# [What you are asked to do]
Determine which lines of the records include the word "Communication", and copy them.

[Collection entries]
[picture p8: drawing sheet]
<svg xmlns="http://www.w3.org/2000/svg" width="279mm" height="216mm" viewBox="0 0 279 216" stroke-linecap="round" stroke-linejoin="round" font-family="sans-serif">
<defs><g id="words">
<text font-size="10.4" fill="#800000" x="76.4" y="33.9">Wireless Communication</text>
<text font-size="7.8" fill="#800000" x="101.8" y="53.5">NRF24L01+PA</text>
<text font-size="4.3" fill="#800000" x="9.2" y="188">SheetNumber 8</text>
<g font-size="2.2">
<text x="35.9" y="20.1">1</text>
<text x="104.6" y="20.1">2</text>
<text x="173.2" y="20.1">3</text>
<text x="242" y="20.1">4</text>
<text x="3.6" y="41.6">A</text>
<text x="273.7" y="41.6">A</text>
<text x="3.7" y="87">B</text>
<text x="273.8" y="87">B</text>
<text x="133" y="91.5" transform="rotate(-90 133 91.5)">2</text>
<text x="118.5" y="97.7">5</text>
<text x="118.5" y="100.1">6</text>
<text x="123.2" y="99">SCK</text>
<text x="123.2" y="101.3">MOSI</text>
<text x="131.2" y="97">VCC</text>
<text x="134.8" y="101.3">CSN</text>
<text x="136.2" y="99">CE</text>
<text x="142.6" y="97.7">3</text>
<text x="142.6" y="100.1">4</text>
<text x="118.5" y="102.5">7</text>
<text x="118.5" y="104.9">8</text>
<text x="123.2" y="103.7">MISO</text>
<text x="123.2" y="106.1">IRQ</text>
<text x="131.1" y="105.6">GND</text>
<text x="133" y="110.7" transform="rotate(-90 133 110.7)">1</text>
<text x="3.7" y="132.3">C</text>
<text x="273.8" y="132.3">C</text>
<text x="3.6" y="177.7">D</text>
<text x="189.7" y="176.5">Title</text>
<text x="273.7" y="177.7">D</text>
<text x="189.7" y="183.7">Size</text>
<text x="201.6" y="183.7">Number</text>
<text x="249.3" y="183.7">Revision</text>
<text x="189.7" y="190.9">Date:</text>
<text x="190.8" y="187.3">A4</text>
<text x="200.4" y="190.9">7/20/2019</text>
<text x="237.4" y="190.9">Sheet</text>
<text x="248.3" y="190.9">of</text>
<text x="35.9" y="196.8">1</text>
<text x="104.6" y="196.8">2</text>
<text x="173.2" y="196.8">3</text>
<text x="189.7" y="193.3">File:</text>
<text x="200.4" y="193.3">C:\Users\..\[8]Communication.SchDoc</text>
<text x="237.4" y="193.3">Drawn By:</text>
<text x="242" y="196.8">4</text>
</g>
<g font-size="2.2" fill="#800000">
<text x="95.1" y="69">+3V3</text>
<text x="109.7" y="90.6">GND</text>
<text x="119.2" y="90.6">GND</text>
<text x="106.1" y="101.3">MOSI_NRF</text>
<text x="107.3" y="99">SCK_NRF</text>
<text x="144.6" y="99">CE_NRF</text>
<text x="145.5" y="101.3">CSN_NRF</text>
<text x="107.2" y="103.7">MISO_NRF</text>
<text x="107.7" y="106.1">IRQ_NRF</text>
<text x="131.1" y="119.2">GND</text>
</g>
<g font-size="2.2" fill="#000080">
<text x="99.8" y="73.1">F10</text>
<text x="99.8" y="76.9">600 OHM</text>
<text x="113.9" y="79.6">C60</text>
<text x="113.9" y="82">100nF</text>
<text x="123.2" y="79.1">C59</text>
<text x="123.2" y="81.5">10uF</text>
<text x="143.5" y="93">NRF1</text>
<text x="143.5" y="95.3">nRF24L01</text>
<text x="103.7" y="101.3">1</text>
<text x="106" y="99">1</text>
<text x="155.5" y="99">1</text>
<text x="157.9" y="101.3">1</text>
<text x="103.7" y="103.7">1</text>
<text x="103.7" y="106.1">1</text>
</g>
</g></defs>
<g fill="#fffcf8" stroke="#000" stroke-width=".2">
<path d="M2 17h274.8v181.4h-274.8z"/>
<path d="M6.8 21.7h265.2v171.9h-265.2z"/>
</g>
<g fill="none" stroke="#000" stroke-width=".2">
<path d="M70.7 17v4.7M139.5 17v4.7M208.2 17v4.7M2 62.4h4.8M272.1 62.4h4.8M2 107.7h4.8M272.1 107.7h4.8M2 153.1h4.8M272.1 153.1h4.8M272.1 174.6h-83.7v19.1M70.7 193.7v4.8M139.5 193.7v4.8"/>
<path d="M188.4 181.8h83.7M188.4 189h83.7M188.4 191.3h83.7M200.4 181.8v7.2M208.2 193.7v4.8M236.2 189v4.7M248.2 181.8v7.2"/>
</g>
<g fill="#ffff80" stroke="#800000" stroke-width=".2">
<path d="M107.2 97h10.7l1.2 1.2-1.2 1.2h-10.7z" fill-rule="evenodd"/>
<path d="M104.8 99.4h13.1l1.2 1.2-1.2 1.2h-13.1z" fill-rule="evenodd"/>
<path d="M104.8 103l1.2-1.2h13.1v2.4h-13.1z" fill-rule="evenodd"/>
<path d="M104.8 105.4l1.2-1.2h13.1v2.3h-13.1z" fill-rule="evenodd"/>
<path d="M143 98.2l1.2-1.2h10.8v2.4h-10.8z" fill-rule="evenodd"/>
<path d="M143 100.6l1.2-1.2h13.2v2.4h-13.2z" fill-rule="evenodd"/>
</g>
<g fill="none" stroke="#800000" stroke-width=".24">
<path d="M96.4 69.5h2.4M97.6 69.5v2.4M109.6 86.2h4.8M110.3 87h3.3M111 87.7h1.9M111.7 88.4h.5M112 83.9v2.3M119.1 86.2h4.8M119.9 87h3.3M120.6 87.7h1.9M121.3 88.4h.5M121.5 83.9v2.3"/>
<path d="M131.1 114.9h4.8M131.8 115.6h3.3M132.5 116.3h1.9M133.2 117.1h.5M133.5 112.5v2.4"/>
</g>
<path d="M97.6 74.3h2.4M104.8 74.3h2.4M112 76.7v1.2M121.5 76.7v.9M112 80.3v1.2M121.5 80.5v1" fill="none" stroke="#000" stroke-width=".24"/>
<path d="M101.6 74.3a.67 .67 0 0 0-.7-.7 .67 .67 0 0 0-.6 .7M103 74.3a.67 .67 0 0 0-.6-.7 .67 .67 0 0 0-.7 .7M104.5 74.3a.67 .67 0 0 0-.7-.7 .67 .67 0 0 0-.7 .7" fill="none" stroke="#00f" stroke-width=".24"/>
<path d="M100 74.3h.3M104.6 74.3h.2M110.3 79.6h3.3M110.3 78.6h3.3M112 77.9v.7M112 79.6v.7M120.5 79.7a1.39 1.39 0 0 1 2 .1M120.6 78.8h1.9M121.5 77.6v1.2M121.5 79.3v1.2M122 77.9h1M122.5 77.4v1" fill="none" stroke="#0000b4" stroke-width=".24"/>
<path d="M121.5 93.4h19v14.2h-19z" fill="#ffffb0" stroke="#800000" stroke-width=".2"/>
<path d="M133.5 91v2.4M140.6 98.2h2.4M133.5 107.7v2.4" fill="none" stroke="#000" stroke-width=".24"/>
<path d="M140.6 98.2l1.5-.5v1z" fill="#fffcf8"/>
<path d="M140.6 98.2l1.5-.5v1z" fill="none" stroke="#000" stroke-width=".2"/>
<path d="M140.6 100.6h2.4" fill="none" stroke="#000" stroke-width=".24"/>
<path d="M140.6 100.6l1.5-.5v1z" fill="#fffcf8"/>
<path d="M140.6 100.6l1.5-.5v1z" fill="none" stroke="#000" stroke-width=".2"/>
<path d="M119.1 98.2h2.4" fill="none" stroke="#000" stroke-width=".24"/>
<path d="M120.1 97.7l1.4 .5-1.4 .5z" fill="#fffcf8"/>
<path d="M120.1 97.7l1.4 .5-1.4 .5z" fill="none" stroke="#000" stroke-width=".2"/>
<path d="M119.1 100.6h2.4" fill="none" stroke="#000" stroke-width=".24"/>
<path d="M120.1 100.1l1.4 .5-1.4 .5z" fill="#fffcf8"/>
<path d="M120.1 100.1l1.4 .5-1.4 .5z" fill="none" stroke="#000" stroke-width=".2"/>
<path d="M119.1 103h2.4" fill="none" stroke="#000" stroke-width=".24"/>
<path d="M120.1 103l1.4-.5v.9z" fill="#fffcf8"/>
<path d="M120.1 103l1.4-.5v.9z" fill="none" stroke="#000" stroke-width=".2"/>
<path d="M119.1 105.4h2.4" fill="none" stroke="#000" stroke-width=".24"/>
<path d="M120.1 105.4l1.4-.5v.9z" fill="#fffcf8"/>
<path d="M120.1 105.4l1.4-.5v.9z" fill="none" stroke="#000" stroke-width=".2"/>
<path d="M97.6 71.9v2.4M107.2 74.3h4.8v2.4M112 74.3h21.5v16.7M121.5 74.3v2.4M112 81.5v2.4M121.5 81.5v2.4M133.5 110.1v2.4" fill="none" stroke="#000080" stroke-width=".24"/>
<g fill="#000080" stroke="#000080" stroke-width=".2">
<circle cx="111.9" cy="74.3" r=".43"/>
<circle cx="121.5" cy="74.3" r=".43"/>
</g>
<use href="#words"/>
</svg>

# [Result for this exercise]
<text font-size="10.4" fill="#800000" x="76.4" y="33.9">Wireless Communication</text>
<text x="200.4" y="193.3">C:\Users\..\[8]Communication.SchDoc</text>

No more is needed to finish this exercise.